Got it. I agree. Maybe I just need to put in a little more time of meeting all his needs so that he feels calm and open to this whole process.


----------



## Hicks (Jan 14, 2011)

My opinion is rather than ASK him what his needs are, you do the trial and error and see what really works, that is more effective and accurate.

THe way you wrote your question I though you wanted to know what his needs were. 

You are better off following the plan of faitful wife, do a good job meeting his needs for a few months. This will put him in a better frame to meet yours.

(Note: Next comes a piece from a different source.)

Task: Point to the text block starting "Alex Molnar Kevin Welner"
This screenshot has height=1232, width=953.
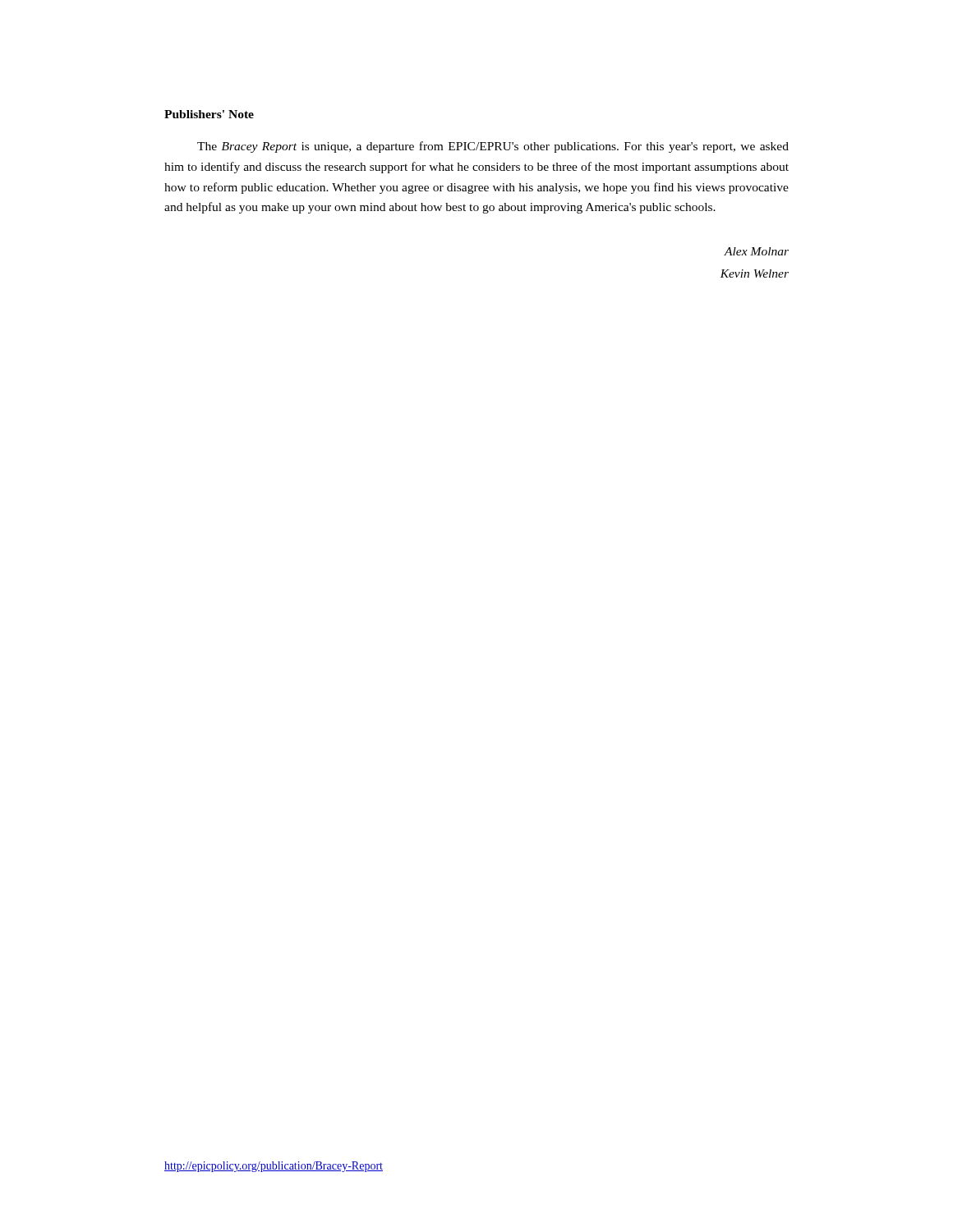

Eventaually you do discuss what your needs are and whether he would ever plan to meet them.


----------



## Hope1964 (Sep 26, 2011)

We are currently working through this book together one chapter a week on Monday evenings. It's a standing appointment we have with each other. Once in a while we miss a week, but not usually. I get more out of it than he does, but he does it because he knows that. He's had a few AHA moments that he didn't expect to, also, which helps him to come back to it with a bit better attitude


----------



## Foolish1 (Apr 5, 2013)

My H is not comfortable at all with asking for things. I tried to get him to do the questionnaire as well but he just does not feel comfortable with it. It's pretty easy for me to guess what his needs are, now I'm just hoping I can get him to open up about how I can do a better job meeting them. He is making a good effort to communicate with me, and understand and meet my needs. If he wasn't doing this, I'd probably be more upset about him not doing the questionnaire!


----------